Orang Sunda sering mendengar sebutan untuk “kacapi” yang memiliki kecocokan dengan pemilik atau pemetik kacapi ini dengan istilah “si mawat”. Hal ini menunjukkan aspek kedekatan atau penyatuan antara kacapi dan pemiliknya. Untuk menghasilkan chemistry seperti ini, tidak jarang, pembuat kacapi dan pemiliknya melaksanakan “ritual” tertentu. Seperti melakukan tirakat dan puasa dulu ketika memilih bahan, membuat kacapi, dan ketika akan memetik kacapi.
Komposisi “wadag” dan “senar” memiliki makna simbol dualitas aspek kehidupan, badan-batin [manusia], siang-malam [hari], langit-bumi [alam], dan lainnya.

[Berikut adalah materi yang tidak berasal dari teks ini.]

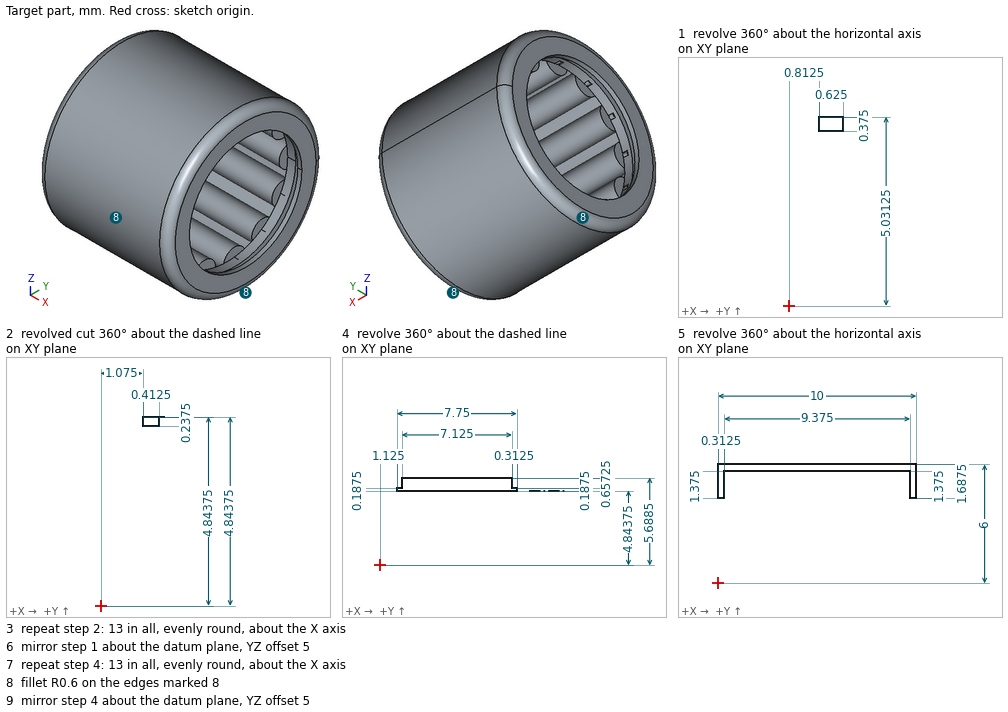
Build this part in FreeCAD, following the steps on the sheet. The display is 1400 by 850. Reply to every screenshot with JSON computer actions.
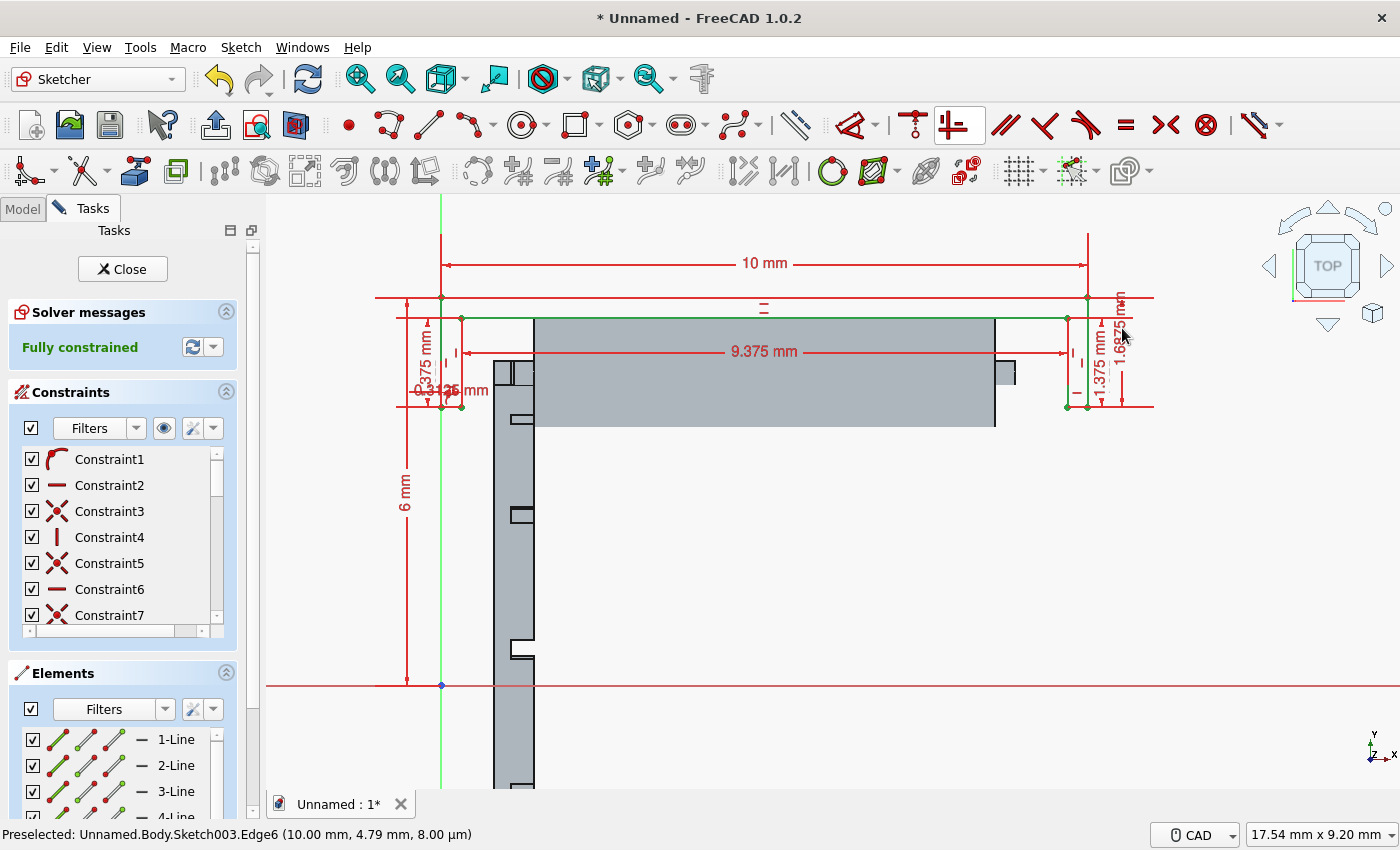
{"action": "left_click", "coordinate": [123, 269]}
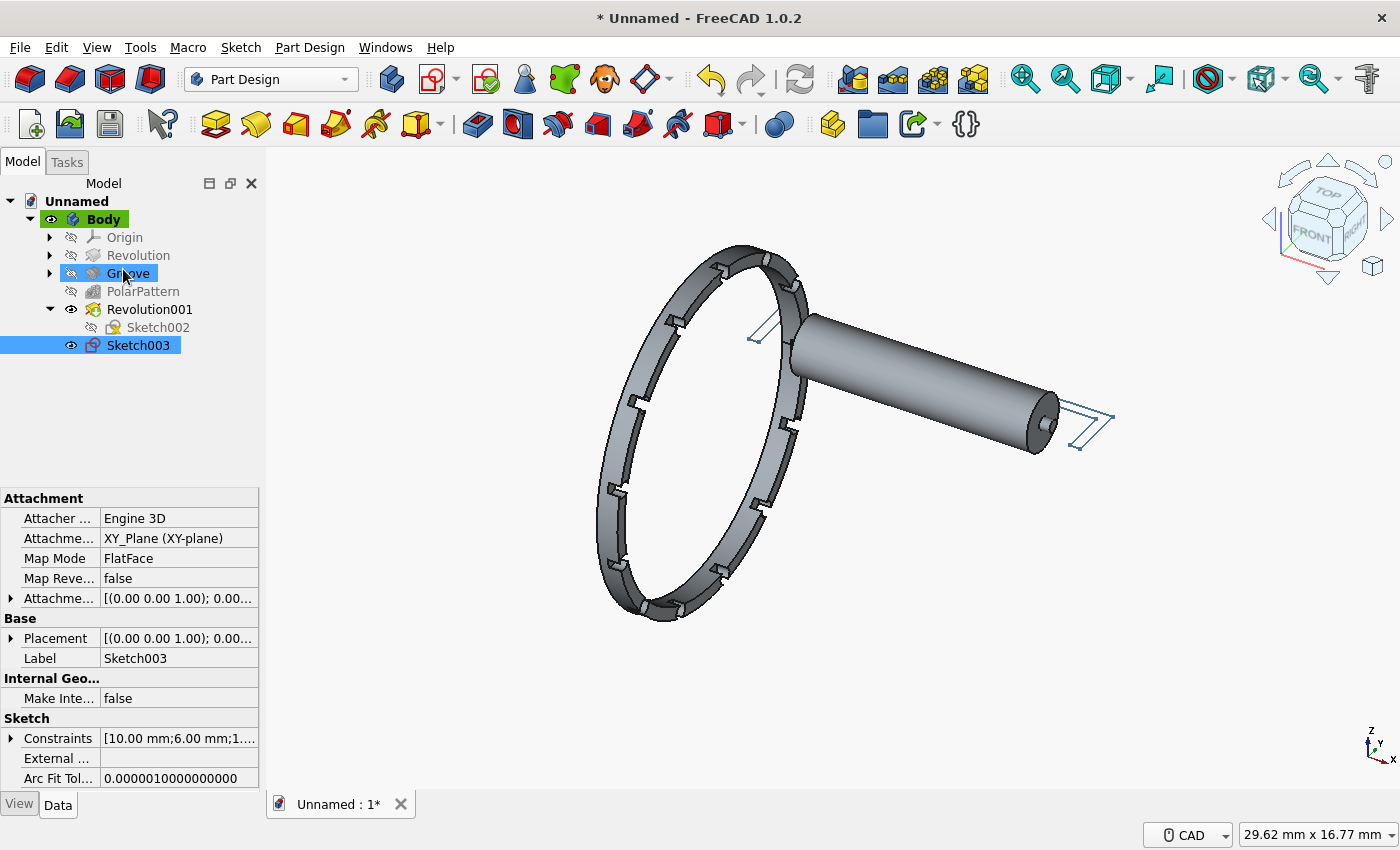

Keduanya ada untuk saling melengkapi dan menciptakan harmoni [keseimbangan dan keindahan]. Demikianlah dengan wadag dan senarnya yang dimaksudkan untuk menciptakan harmonisasi suara dan keindahannya.
Pemaknaan Senar Kacapi
Senar yang terdiri dari 18 senar, yakni diurai menjadi angka 17+1. Angka 17 merujuk pada “rakaat shalat” yang berjumlah 17, sedangkan angka 1 menunjukk pada tauhidullah, yakni keyakinan bahwa “Allah” yang maha Tunggal [Maha Esa].
Cara menyeteam senar pun tidak sembarangan, yakni harus dilakukan menggunakan “ibu jari” dan “jari telunjuk”. Ini juga memiliki pemaknaan simbolis, yakni “ibu jari” merupakan simbol “kebaikan”, sedangkan “jari telunjuk” menunjukkan “alat petunjuk”. Dengan demikian, penggunakan kedua jari ini menyimbolkan bahwa kecapi dimaksudkan sebagai media petunjuk pada kebaikan, terutama pengenalan dan keyakinan terhadap keberadaan Allah SWT. Selebihnya, jika menyeteam senar tersebut masih belum kuat, maka orang yang melakukan “steam” tersesbut harus menggunakan “jari tengah”. Hal ini menyimbolkan bahwa “kehidupan manusia haruslah mampu memposisikan diri dalam “siger tengah” atau moderat [berdiri di tengah].